All of this, he said, leads to a lack of connection and diminished trust.
Making Intent Clear
Luckily, there are actions we all can take to communicate better and forge stronger bonds online. Morgan recommends creating virtual safe spaces to emulate that watercooler connection at the office. For some, Zoom work socials are that outlet. But, he said, many people have grown weary of them because “[socials] have an informal nature and video-conferencing demands a formal scheduling.”
Instead, he advises creating safe spaces within the meeting itself—chitchats at intervals to ask about the kids or hobbies—and preferably not at the meeting outset, when everyone is looking for their mute button while trying to connect.

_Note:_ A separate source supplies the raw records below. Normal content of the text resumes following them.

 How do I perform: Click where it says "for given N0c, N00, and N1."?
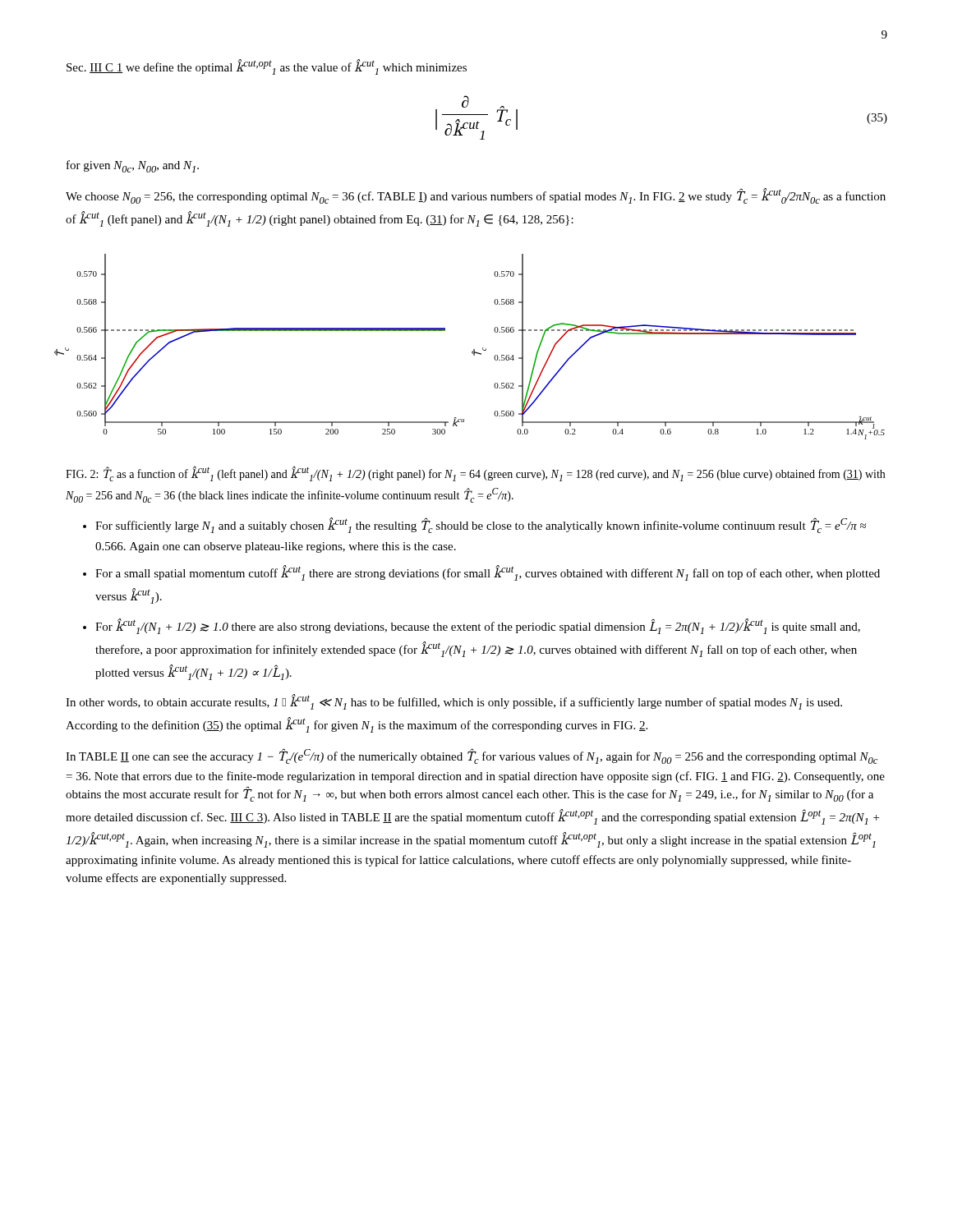[133, 167]
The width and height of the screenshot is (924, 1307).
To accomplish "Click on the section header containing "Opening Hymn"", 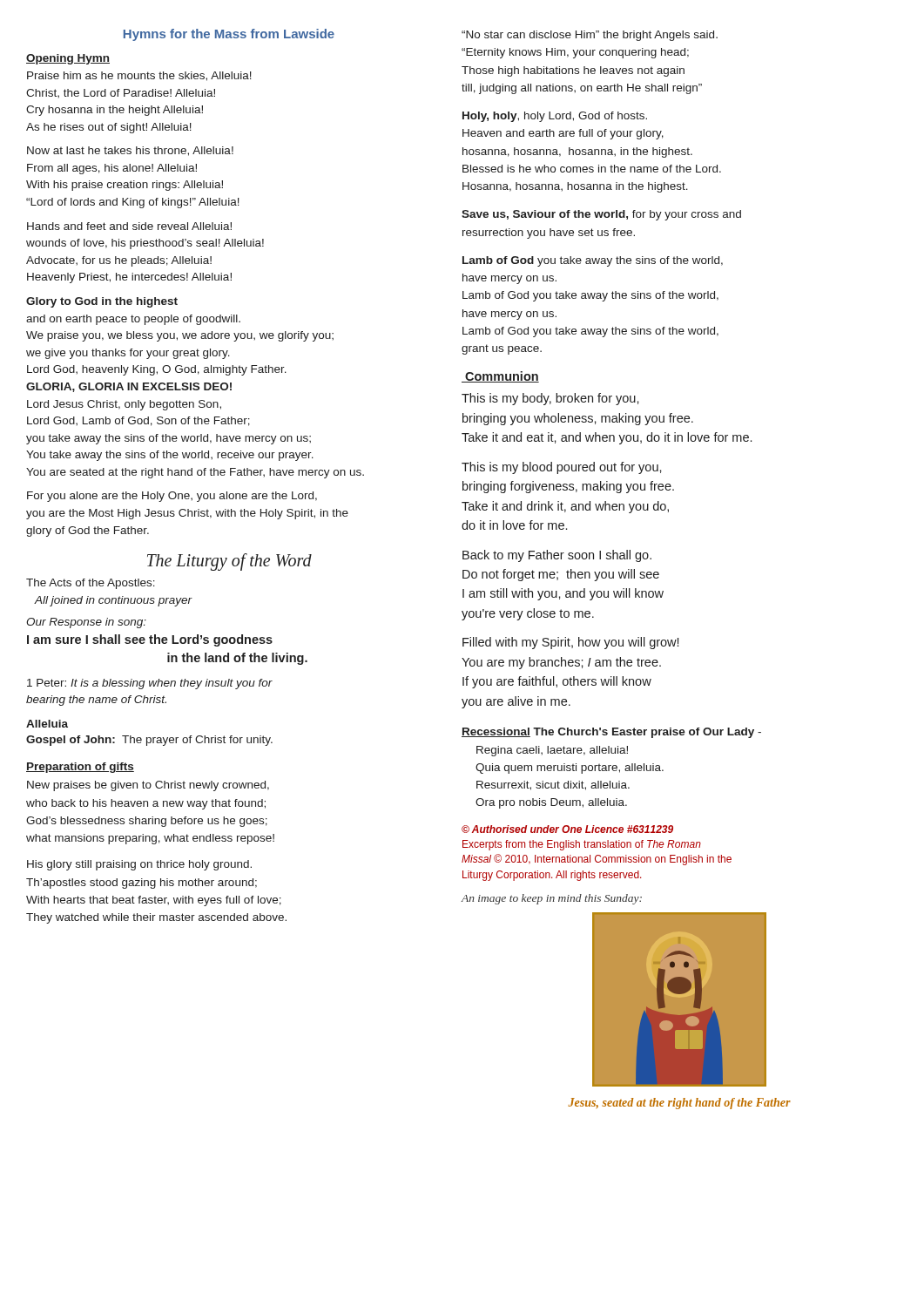I will [x=68, y=58].
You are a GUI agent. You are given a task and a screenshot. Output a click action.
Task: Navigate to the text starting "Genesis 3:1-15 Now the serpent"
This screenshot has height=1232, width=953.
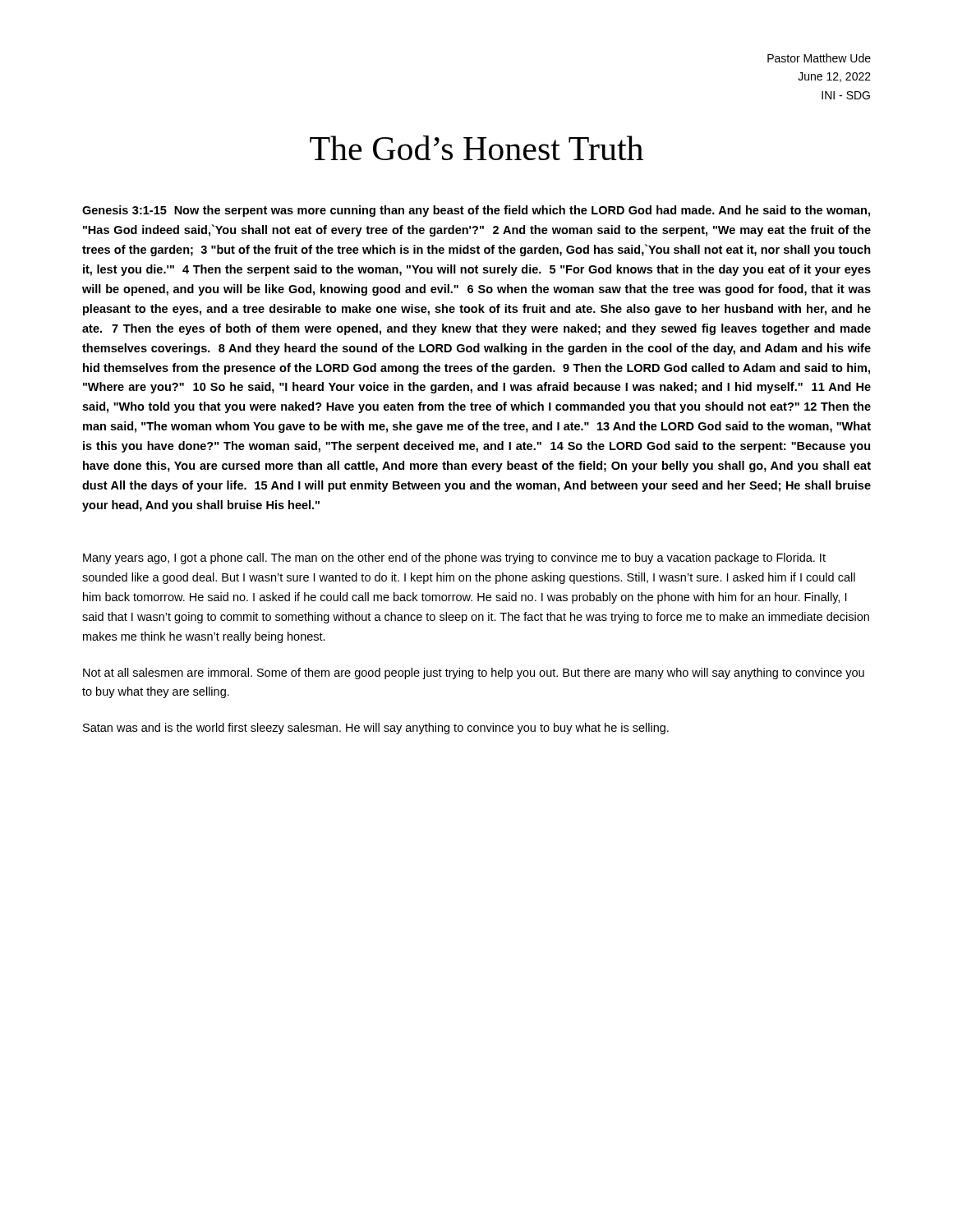tap(476, 358)
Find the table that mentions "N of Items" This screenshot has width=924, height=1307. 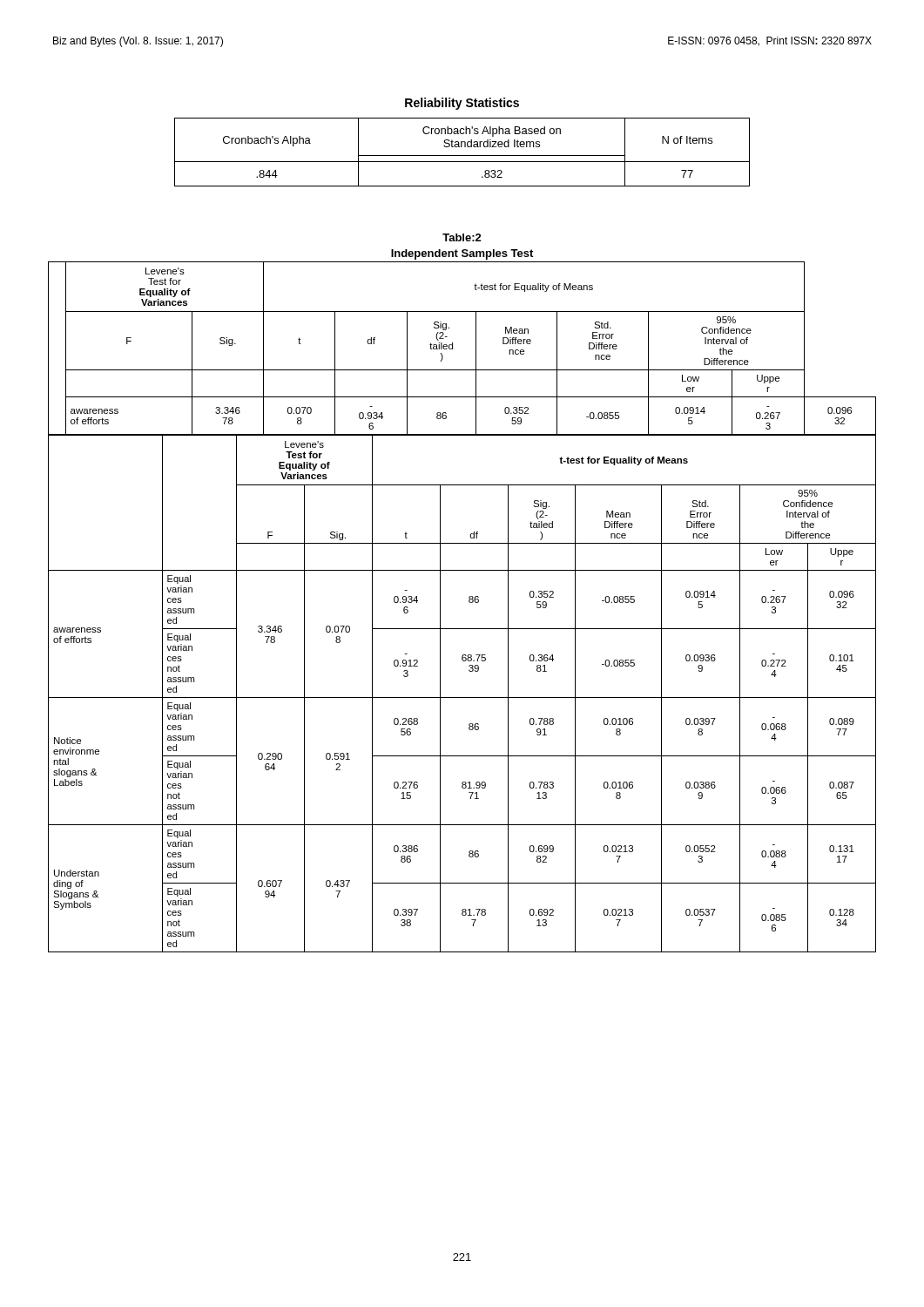pyautogui.click(x=462, y=152)

Another tip: “Assign an emcee who will make sure everyone participates,” said Morgan. “People will pay attention better and participate more.” Plus it may cut down on the interrupting. The emcee, he added, should pause every 10 minutes or so—the average online attention span—to ask for input or just to mix it up.
Also, it’s a good idea to track staff morale, but you won’t find out by asking directly, said Morgan. Take the team’s temperature over time. Try a simple number scale, a red/yellow/green light check from bad to great or some other quick poll.
And, because the worst format for getting intent across is email—hear Morgan out on this one—use emojis. With a smiley face, that “nice job” message can’t be misconstrued.
“As a very crude substitute for simple body language, emojis will do the trick in the short run,” said Morgan. “So suck it up, swallow your dignity and start to use [them].”
Another email tip: make the subject heading a sentence or detailed phrase. “Quick question” will only elicit recipient groans. If you’re specific, and include an action item, that clarity will improve response time and efficiency.
When we return to normal, we’ll still contend with some virtual pitfalls. For now, we keep trying to adapt to our all-virtual environment.
So, try to make your intent clear and be understanding. “In the pandemic, we’ve all discovered there’s nothing wrong with being human,” said Morgan. “In fact, you might as well embrace it, because we’re all in this together.”